++++ Data for this exercise

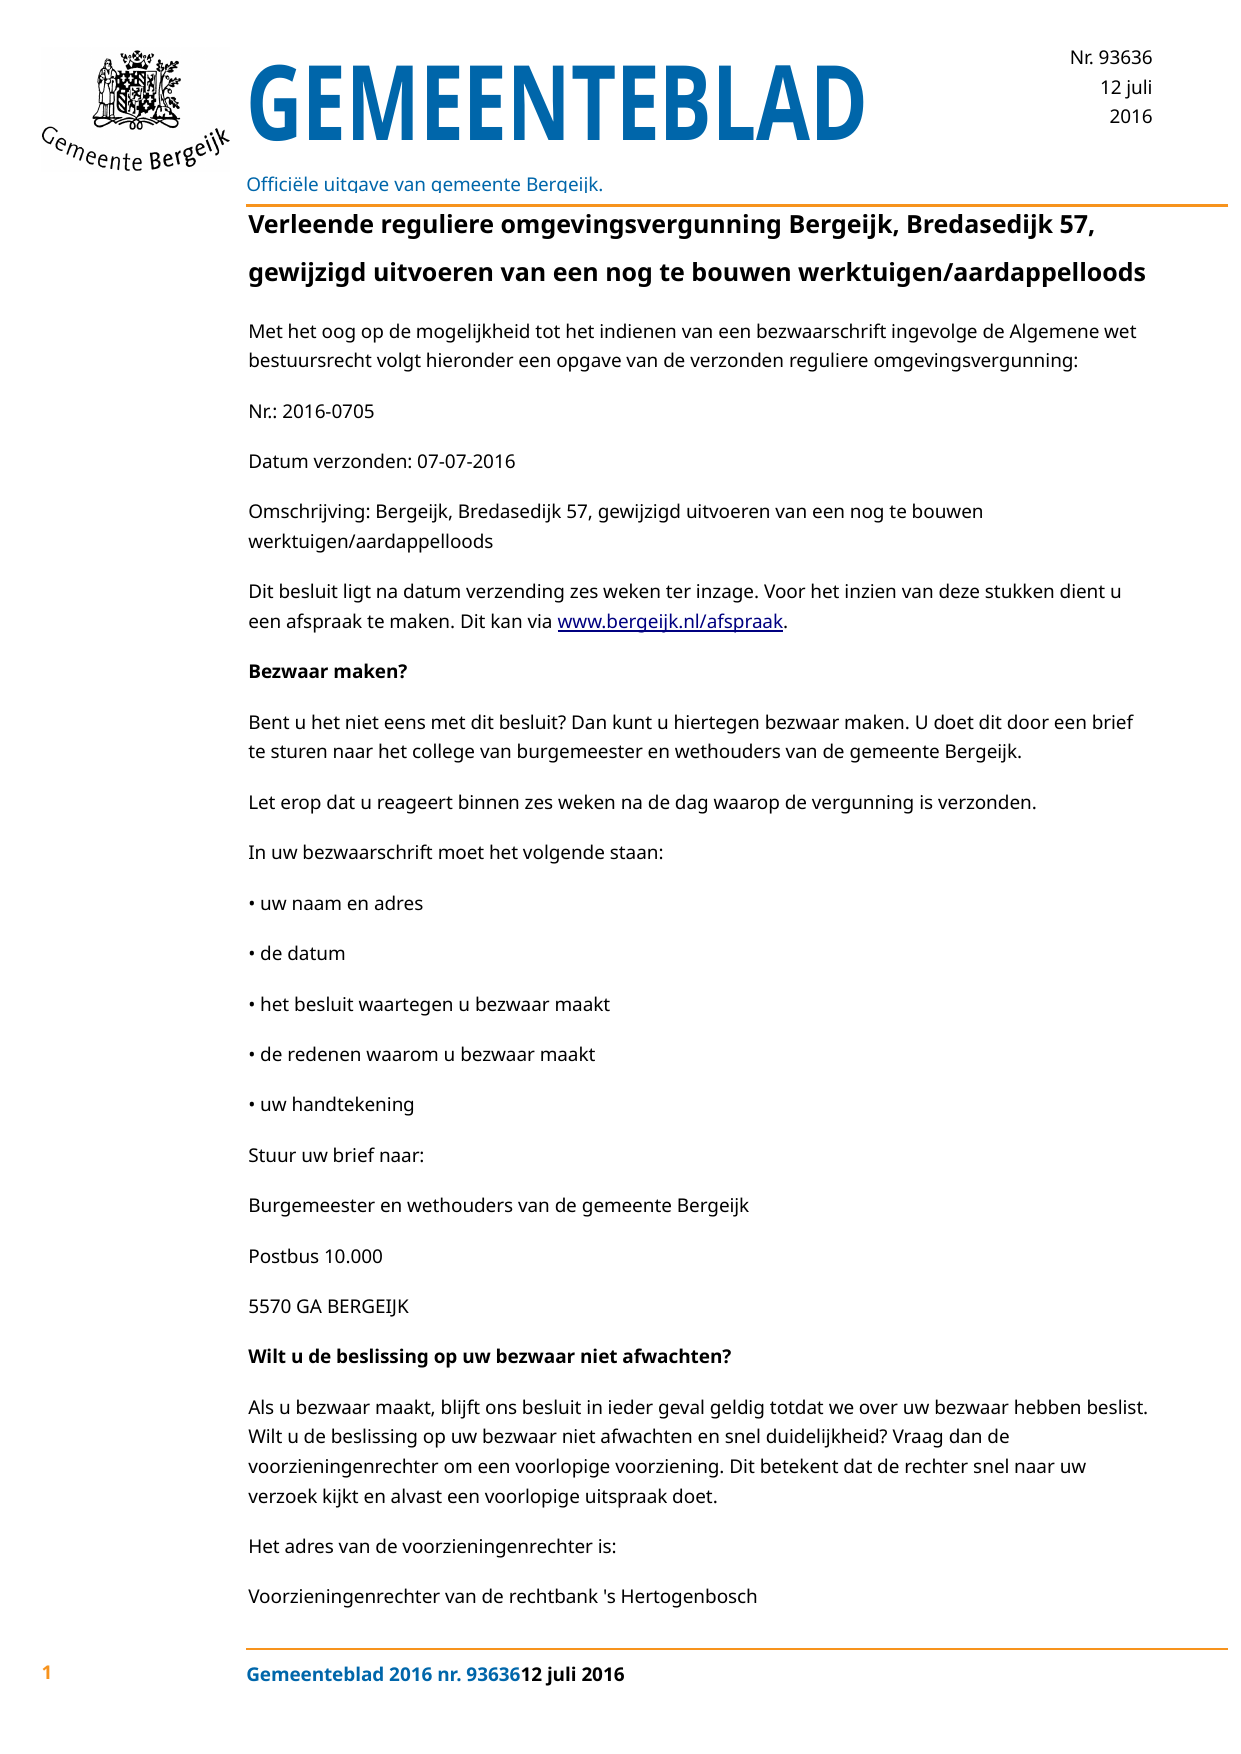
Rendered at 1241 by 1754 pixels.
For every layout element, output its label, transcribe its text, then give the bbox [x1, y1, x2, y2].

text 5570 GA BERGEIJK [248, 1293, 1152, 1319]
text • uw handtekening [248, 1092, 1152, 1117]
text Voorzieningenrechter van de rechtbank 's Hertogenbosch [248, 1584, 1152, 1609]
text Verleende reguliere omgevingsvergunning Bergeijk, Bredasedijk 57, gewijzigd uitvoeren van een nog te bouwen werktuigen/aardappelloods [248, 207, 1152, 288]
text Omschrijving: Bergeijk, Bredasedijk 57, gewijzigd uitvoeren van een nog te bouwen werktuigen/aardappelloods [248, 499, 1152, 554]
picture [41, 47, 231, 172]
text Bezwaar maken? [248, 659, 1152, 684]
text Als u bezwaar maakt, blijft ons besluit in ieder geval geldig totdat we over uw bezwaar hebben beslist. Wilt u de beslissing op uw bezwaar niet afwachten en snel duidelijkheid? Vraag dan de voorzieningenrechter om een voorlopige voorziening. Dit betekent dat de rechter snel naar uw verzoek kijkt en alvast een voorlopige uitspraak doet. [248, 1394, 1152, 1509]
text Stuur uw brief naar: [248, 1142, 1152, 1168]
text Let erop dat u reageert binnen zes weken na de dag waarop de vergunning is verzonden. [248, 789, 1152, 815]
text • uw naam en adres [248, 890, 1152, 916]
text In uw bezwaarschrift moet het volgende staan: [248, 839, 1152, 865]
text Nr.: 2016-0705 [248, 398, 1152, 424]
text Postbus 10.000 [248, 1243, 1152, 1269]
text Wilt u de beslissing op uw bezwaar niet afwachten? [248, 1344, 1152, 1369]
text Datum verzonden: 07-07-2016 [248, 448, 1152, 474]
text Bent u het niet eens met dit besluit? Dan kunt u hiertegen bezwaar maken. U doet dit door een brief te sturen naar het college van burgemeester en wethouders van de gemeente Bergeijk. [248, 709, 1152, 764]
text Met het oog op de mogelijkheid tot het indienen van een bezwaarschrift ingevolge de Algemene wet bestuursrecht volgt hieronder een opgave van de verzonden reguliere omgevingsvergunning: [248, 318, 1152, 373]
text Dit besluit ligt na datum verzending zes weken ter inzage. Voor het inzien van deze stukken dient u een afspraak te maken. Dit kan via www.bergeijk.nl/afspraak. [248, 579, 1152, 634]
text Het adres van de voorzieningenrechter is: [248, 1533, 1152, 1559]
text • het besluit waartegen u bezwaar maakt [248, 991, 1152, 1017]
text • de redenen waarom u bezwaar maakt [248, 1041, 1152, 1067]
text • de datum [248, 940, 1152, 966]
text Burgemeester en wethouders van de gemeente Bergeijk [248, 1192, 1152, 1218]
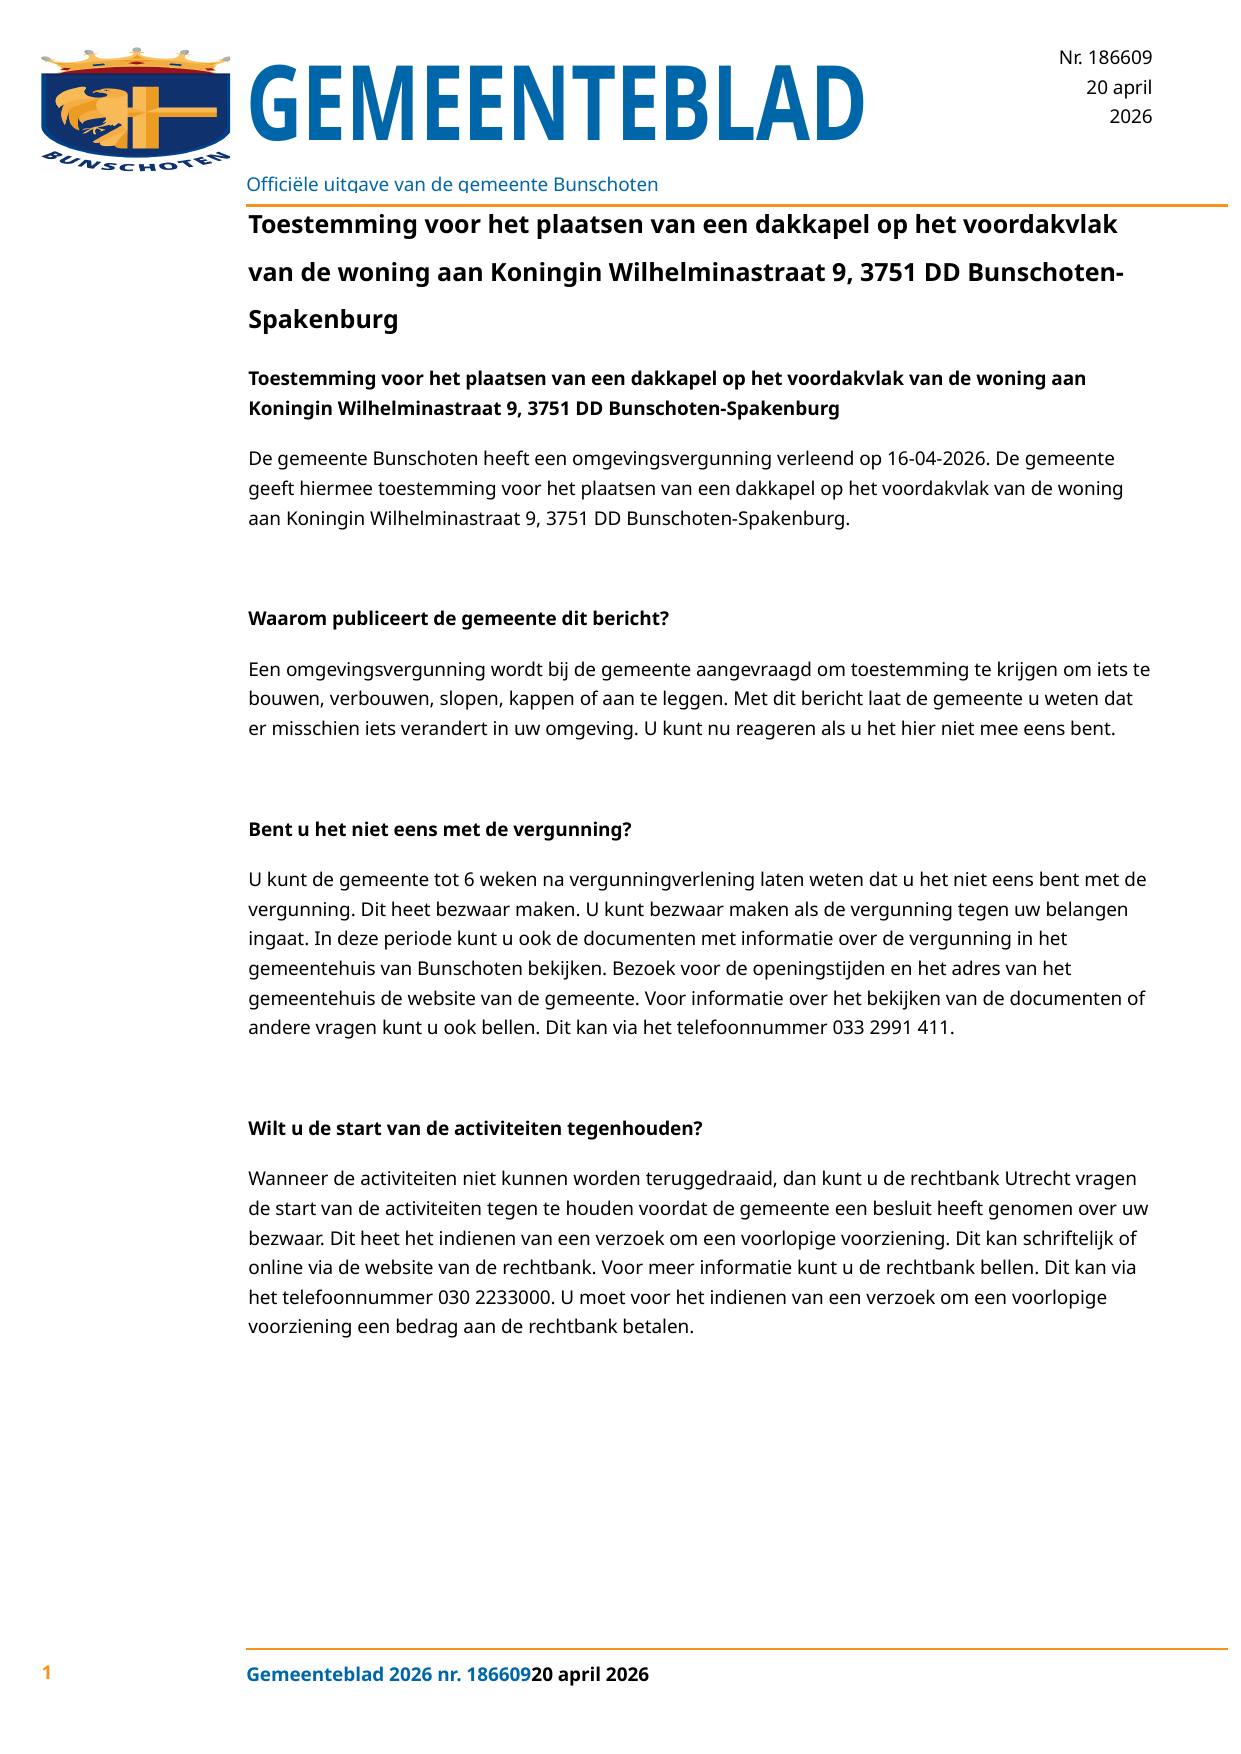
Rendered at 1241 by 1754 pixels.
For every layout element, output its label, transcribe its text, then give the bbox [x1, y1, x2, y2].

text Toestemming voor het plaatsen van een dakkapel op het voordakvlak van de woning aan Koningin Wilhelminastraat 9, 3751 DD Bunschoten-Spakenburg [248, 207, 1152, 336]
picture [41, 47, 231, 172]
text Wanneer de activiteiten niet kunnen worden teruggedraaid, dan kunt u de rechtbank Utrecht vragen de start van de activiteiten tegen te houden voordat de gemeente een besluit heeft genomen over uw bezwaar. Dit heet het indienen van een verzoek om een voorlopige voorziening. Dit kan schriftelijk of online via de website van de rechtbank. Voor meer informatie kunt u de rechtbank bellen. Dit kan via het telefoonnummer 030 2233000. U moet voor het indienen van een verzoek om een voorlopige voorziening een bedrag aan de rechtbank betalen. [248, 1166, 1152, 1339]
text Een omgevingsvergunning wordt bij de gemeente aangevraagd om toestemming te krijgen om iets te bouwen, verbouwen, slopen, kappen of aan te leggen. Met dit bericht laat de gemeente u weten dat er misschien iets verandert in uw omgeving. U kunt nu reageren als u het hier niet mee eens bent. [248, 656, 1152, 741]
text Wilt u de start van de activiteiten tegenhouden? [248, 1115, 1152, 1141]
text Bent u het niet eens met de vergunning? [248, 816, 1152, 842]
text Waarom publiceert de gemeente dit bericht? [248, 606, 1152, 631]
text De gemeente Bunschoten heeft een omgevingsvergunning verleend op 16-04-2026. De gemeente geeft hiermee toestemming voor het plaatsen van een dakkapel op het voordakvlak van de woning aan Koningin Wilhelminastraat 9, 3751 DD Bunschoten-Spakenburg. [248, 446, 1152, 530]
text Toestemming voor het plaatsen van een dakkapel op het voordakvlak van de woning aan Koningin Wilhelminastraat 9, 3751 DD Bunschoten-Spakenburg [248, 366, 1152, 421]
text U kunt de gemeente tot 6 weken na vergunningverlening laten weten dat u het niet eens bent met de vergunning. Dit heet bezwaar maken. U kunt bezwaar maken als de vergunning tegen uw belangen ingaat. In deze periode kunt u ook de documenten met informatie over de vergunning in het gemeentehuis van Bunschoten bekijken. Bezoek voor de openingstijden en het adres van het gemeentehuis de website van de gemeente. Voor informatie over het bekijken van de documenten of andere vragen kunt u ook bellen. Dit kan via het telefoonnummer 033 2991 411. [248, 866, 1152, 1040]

++++++++

**How to complete this task:**
Leave out the pictures and restate, word for word, the lines from the top of the data through the line containing "text • uw handtekening", both included.

**Reply:**
Rendered at 1241 by 1754 pixels.
For every layout element, output its label, transcribe its text, then give the bbox [x1, y1, x2, y2].

text 5570 GA BERGEIJK [248, 1293, 1152, 1319]
text • uw handtekening [248, 1092, 1152, 1117]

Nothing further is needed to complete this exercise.